Problem description:
Each line of the listing below that includes "Answer" must be copied.
--- Data extract Enclosed Below ---
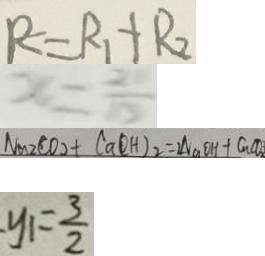Convert formula to latex. <formula><loc_0><loc_0><loc_500><loc_500>R = R _ { 1 } + R _ { 2 } 
 x = \frac { 2 } { 1 0 } 
 N a 2 C O _ { 2 } + C a ( O H ) _ { 2 } = 2 N a O H + C u C O _ { 2 } 
 y _ { 1 } = \frac { 3 } { 2 }</formula> 
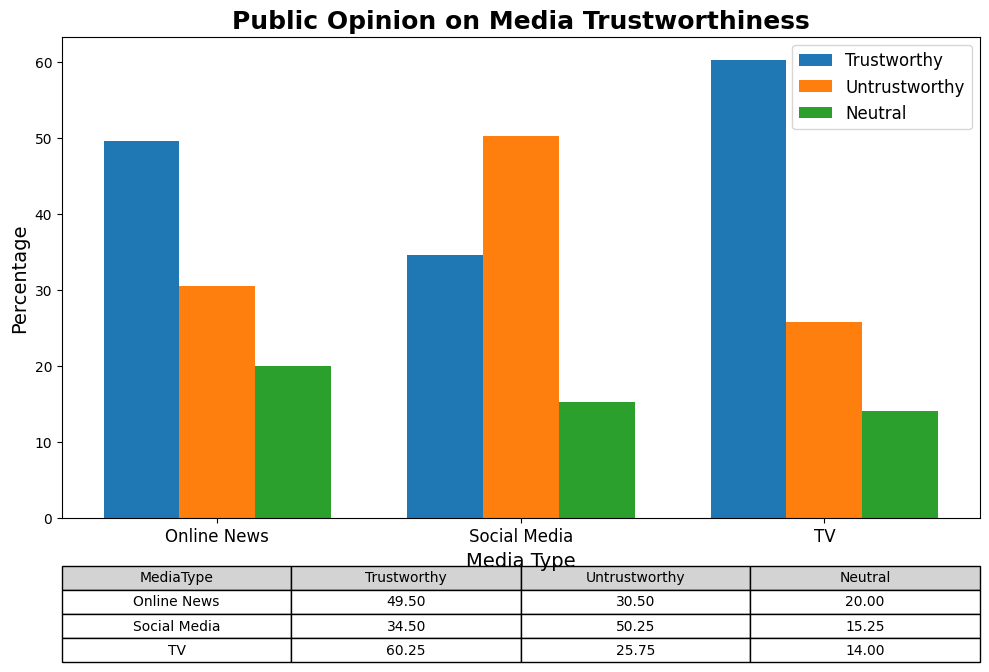What is the average percentage of people who find Social Media trustworthy? To find the average percentage for Social Media's trustworthiness, add all the trust percentages for Social Media from the data (35, 33, 34, 36) and divide by the number of data points (4). (35 + 33 + 34 + 36) / 4 = 34.5
Answer: 34.5 Between TV and Online News, which one has a higher average percentage of people who find it untrustworthy? Calculate the average untrustworthy percentage for TV and Online News. For TV: (25 + 24 + 28 + 26) / 4 = 25.75. For Online News: (30 + 32 + 29 + 31) / 4 = 30.5. Compare the results: 30.5 is higher than 25.75.
Answer: Online News What is the difference in the average percentage of people who found TV trustworthy versus neutral? Calculate the average trustworthy and neutral percentages for TV from the data. Trustworthy: (60 + 62 + 58 + 61) / 4 = 60.25. Neutral: (15 + 14 + 14 + 13) / 4 = 14.0. Subtract the neutral average from the trustworthy average: 60.25 - 14.0 = 46.25
Answer: 46.25 Which media type has the largest range in untrustworthy percentages? Calculate the range (max - min) of untrustworthy percentages for each media type. TV: max(28) - min(24) = 4, Online News: max(32) - min(29) = 3, Social Media: max(52) - min(48) = 4. Both TV and Social Media have a range of 4.
Answer: TV and Social Media In terms of neutral percentages, which media type has the lowest average and what is it? Calculate the average neutral percentage for each media type. TV: (15 + 14 + 14 + 13) / 4 = 14.0, Online News: (20 + 20 + 20 + 20) / 4 = 20.0, Social Media: (15 + 15 + 15 + 16) / 4 = 15.25. The lowest average neutral percentage is for TV, which is 14.0.
Answer: TV, 14.0 By how much does the average trustworthy percentage for Online News exceed that for Social Media? Compute the average trustworthy percentage for Online News and Social Media. Online News: (50 + 48 + 51 + 49) / 4 = 49.5. Social Media: (35 + 33 + 34 + 36) / 4 = 34.5. Subtract the Social Media average from the Online News average: 49.5 - 34.5 = 15.0
Answer: 15.0 Which media type has the highest average percentage of people who are neutral towards it? Calculate the average neutral percentage for each media type. TV: (15 + 14 + 14 + 13) / 4 = 14.0, Online News: (20 + 20 + 20 + 20) / 4 = 20.0, Social Media: (15 + 15 + 15 + 16) / 4 = 15.25. Online News has the highest average neutral percentage of 20.0
Answer: Online News 
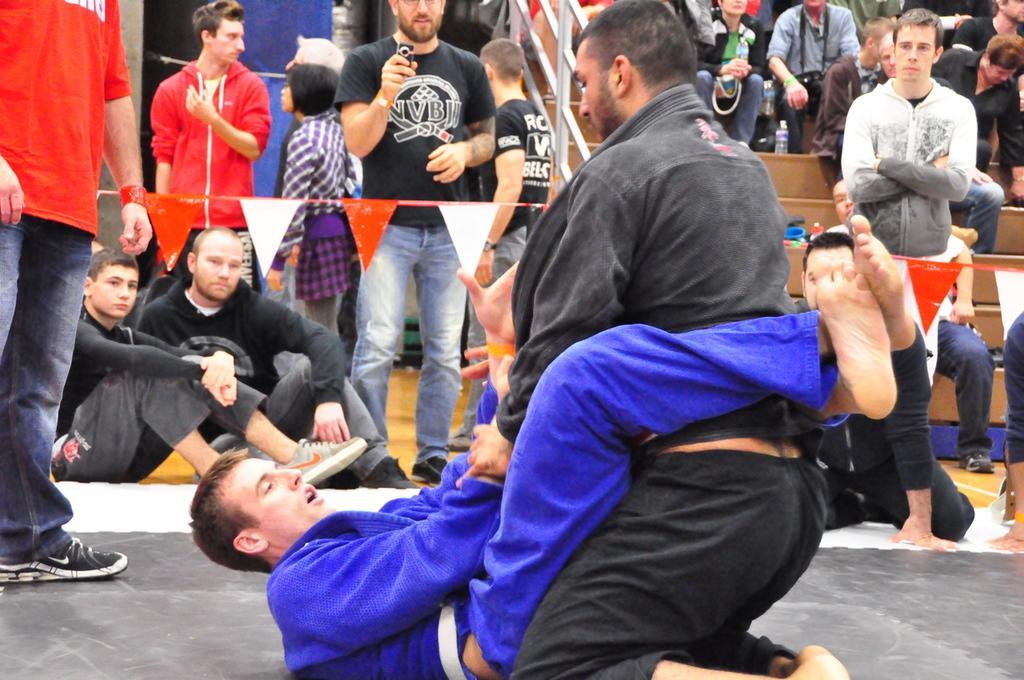Could you give a brief overview of what you see in this image? In this picture I can see two persons are wrestling in the middle, on the left side few persons are standing and looking at them. On the right side a group of people are sitting. 
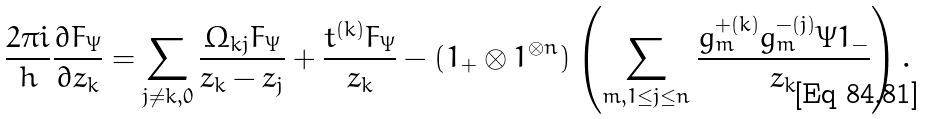<formula> <loc_0><loc_0><loc_500><loc_500>\frac { 2 \pi i } { h } \frac { \partial F _ { \Psi } } { \partial z _ { k } } & = \sum _ { j \neq k , 0 } \frac { \Omega _ { k j } F _ { \Psi } } { z _ { k } - z _ { j } } + \frac { t ^ { ( k ) } F _ { \Psi } } { z _ { k } } - ( 1 _ { + } \otimes 1 ^ { \otimes n } ) \left ( \sum _ { m , 1 \leq j \leq n } \frac { g _ { m } ^ { + ( k ) } g _ { m } ^ { - ( j ) } \Psi 1 _ { - } } { z _ { k } } \right ) .</formula> 
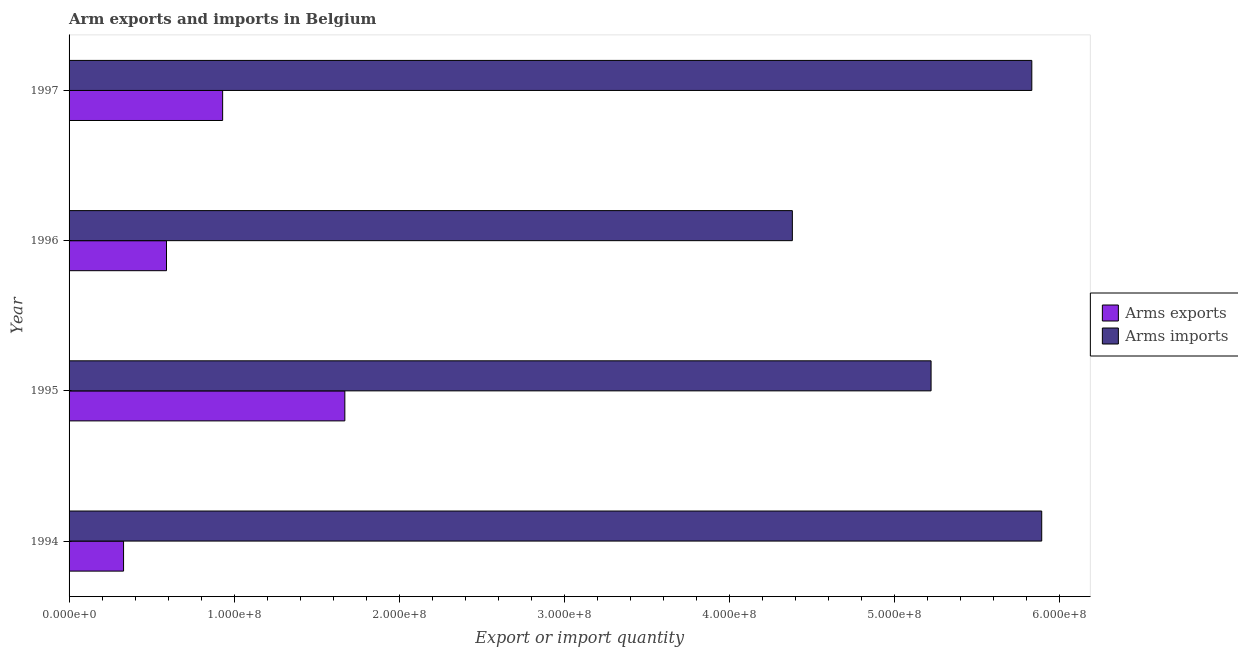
--- End of Enclosed Data extract ---
Solution to the problem:
Answer: 34.5 Between TV and Online News, which one has a higher average percentage of people who find it untrustworthy? Calculate the average untrustworthy percentage for TV and Online News. For TV: (25 + 24 + 28 + 26) / 4 = 25.75. For Online News: (30 + 32 + 29 + 31) / 4 = 30.5. Compare the results: 30.5 is higher than 25.75.
Answer: Online News What is the difference in the average percentage of people who found TV trustworthy versus neutral? Calculate the average trustworthy and neutral percentages for TV from the data. Trustworthy: (60 + 62 + 58 + 61) / 4 = 60.25. Neutral: (15 + 14 + 14 + 13) / 4 = 14.0. Subtract the neutral average from the trustworthy average: 60.25 - 14.0 = 46.25
Answer: 46.25 Which media type has the largest range in untrustworthy percentages? Calculate the range (max - min) of untrustworthy percentages for each media type. TV: max(28) - min(24) = 4, Online News: max(32) - min(29) = 3, Social Media: max(52) - min(48) = 4. Both TV and Social Media have a range of 4.
Answer: TV and Social Media In terms of neutral percentages, which media type has the lowest average and what is it? Calculate the average neutral percentage for each media type. TV: (15 + 14 + 14 + 13) / 4 = 14.0, Online News: (20 + 20 + 20 + 20) / 4 = 20.0, Social Media: (15 + 15 + 15 + 16) / 4 = 15.25. The lowest average neutral percentage is for TV, which is 14.0.
Answer: TV, 14.0 By how much does the average trustworthy percentage for Online News exceed that for Social Media? Compute the average trustworthy percentage for Online News and Social Media. Online News: (50 + 48 + 51 + 49) / 4 = 49.5. Social Media: (35 + 33 + 34 + 36) / 4 = 34.5. Subtract the Social Media average from the Online News average: 49.5 - 34.5 = 15.0
Answer: 15.0 Which media type has the highest average percentage of people who are neutral towards it? Calculate the average neutral percentage for each media type. TV: (15 + 14 + 14 + 13) / 4 = 14.0, Online News: (20 + 20 + 20 + 20) / 4 = 20.0, Social Media: (15 + 15 + 15 + 16) / 4 = 15.25. Online News has the highest average neutral percentage of 20.0
Answer: Online News 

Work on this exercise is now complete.